**TASK GOAL:** Every line of the material is to be quoted verbatim, minus the pictures.
——
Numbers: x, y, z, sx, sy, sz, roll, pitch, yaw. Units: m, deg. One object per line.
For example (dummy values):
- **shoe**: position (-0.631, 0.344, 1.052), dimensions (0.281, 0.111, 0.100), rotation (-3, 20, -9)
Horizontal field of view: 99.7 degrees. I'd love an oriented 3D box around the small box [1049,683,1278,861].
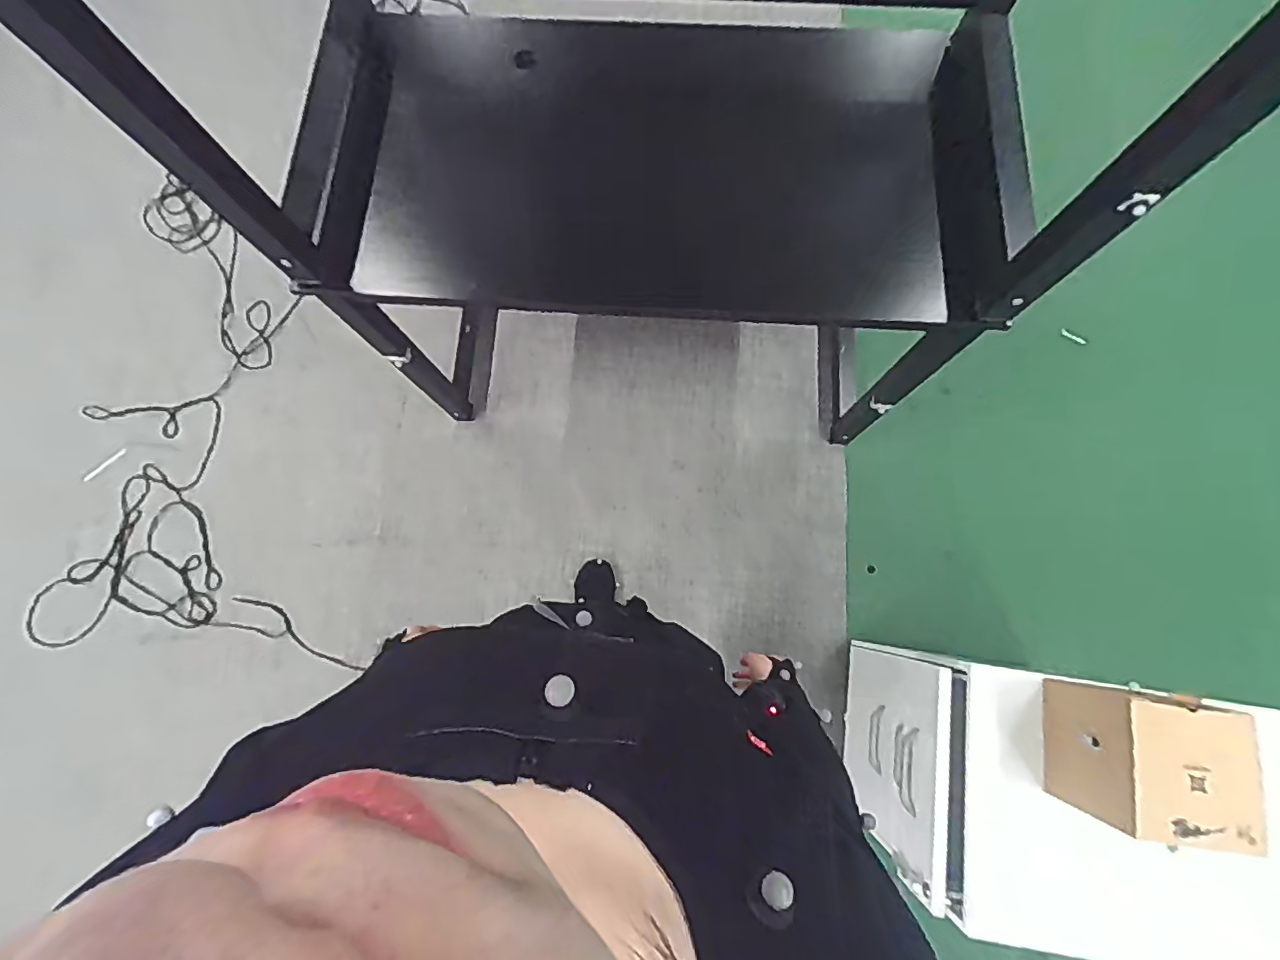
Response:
——
**YOUR SOLUTION:**
Numbers: x, y, z, sx, sy, sz, roll, pitch, yaw. Units: m, deg. One object per line.
For example (dummy values):
- **shoe**: position (-0.631, 0.344, 1.052), dimensions (0.281, 0.111, 0.100), rotation (-3, 20, -9)
Horizontal field of view: 99.7 degrees. I'd love an oriented 3D box around the small box [1049,683,1278,861].
Response:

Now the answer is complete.